▸ **Work required**
From the entries below, please output exactly the lines starting at the one containing "Answer: RehaZentrum Münster" and ending at the one containing "Answer: Surgical Intervention", both included.

▸ **Data under study**
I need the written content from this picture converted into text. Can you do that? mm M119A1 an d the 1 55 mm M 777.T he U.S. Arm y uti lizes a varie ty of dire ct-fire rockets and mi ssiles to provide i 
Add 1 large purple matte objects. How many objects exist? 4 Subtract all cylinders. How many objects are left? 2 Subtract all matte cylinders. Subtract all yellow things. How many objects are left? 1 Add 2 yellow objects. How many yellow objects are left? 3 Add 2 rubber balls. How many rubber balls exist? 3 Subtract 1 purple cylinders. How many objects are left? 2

--

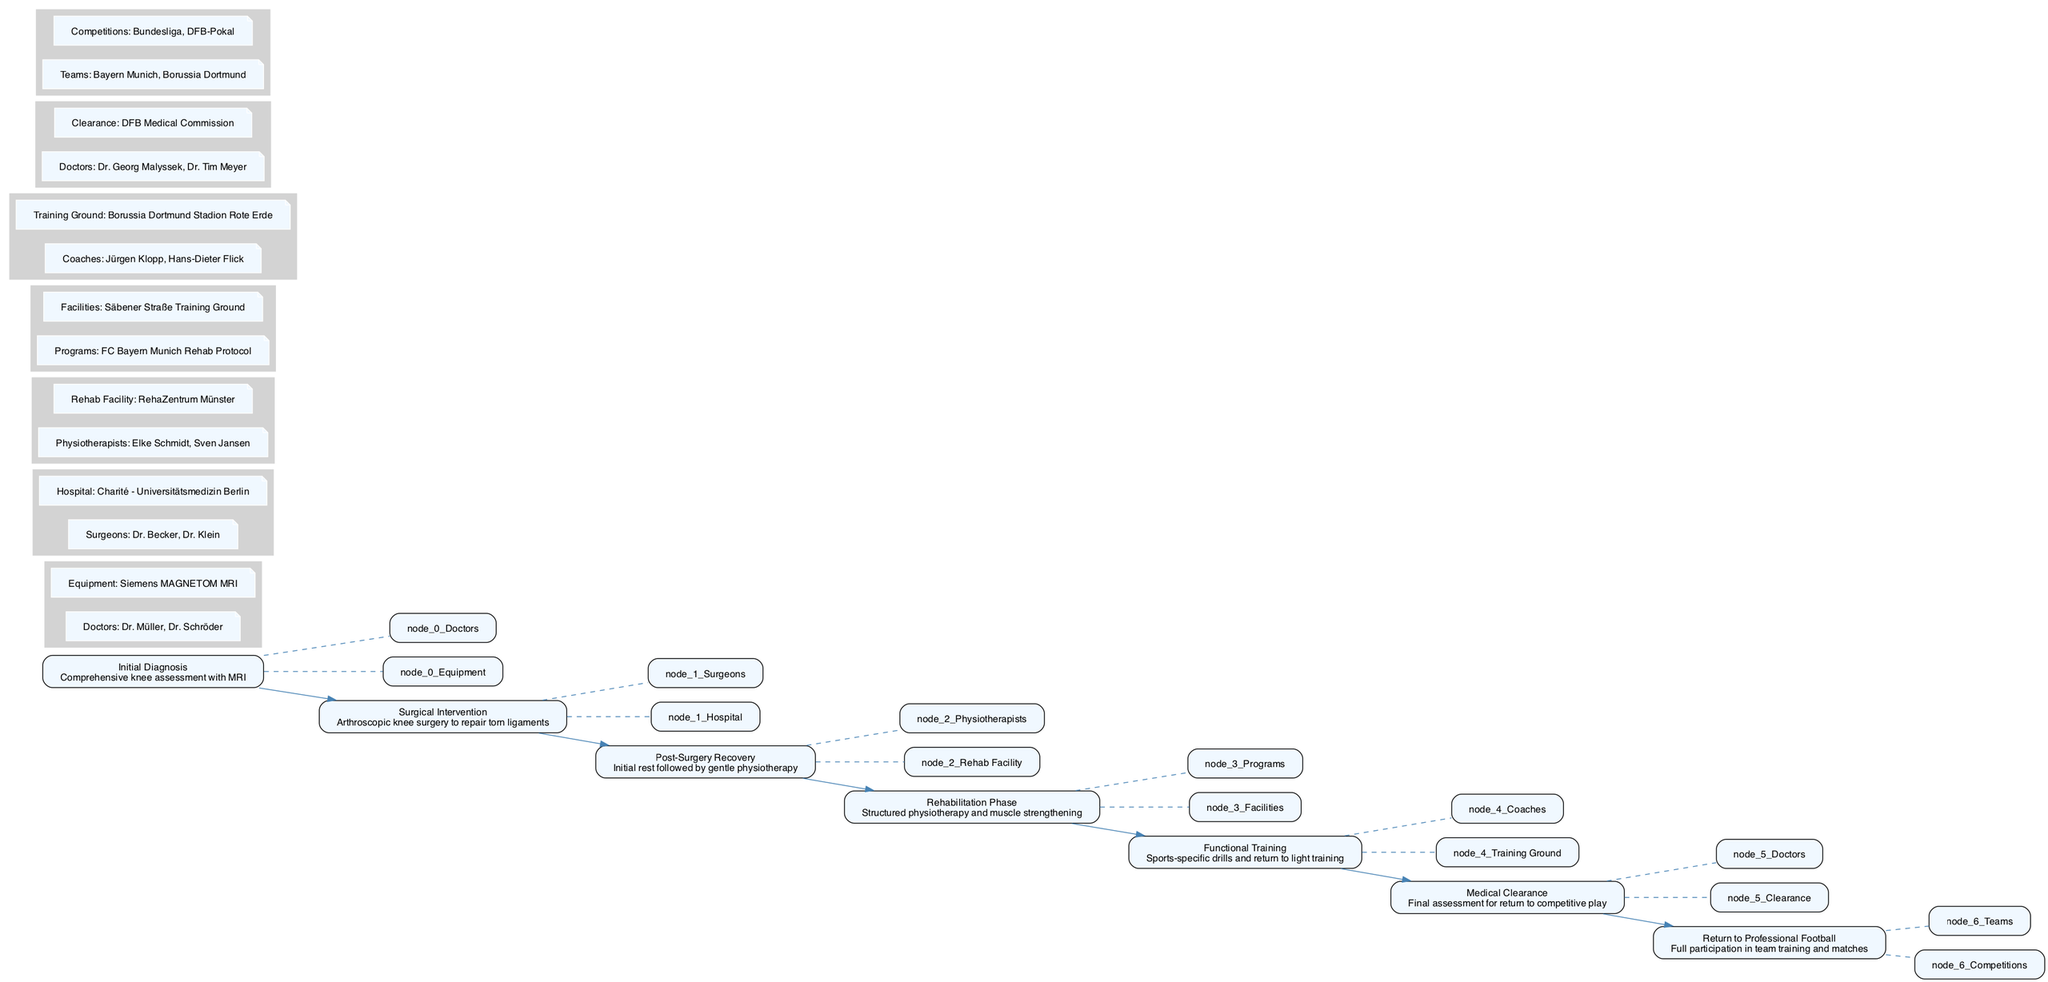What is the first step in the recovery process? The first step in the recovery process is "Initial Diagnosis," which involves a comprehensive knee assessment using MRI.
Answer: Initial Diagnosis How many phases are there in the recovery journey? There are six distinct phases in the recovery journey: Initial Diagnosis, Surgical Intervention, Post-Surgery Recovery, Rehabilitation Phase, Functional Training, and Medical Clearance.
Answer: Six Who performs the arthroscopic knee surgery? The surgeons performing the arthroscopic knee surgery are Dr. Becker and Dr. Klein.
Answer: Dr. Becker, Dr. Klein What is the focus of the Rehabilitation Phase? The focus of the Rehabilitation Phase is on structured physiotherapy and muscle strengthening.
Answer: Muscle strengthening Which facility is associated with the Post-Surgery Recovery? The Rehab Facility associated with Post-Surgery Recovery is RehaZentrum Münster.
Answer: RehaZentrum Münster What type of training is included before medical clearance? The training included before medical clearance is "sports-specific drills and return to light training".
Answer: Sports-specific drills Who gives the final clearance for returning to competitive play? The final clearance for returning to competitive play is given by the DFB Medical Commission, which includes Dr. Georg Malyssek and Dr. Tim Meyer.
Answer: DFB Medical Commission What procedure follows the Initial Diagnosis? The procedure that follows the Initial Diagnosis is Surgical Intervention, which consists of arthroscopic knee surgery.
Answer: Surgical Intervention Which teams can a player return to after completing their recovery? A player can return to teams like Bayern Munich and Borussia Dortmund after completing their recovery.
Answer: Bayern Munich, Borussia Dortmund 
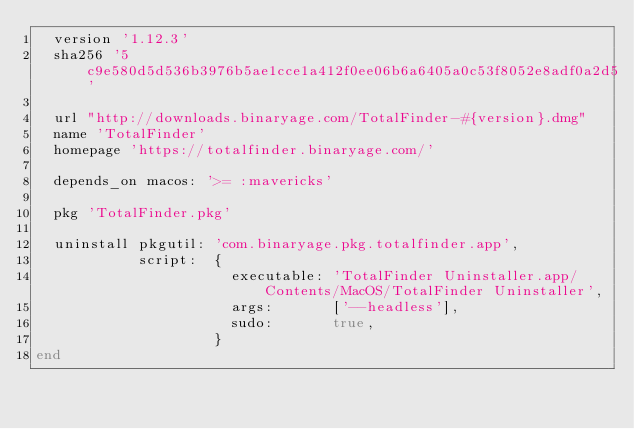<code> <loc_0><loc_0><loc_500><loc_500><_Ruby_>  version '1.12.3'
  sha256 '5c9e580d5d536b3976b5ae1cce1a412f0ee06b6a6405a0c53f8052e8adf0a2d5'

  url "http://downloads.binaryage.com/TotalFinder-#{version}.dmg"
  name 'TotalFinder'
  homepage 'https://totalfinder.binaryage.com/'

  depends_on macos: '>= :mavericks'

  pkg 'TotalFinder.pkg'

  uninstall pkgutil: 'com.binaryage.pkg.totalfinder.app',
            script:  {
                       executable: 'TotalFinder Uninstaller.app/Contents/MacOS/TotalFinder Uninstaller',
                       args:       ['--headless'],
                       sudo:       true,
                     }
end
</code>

▸ **Answer to this problem**
Answer: RehaZentrum Münster What type of training is included before medical clearance? The training included before medical clearance is "sports-specific drills and return to light training".
Answer: Sports-specific drills Who gives the final clearance for returning to competitive play? The final clearance for returning to competitive play is given by the DFB Medical Commission, which includes Dr. Georg Malyssek and Dr. Tim Meyer.
Answer: DFB Medical Commission What procedure follows the Initial Diagnosis? The procedure that follows the Initial Diagnosis is Surgical Intervention, which consists of arthroscopic knee surgery.
Answer: Surgical Intervention Which teams can a player return to after completing their recovery? A player can return to teams like Bayern Munich and Borussia Dortmund after completing their recovery.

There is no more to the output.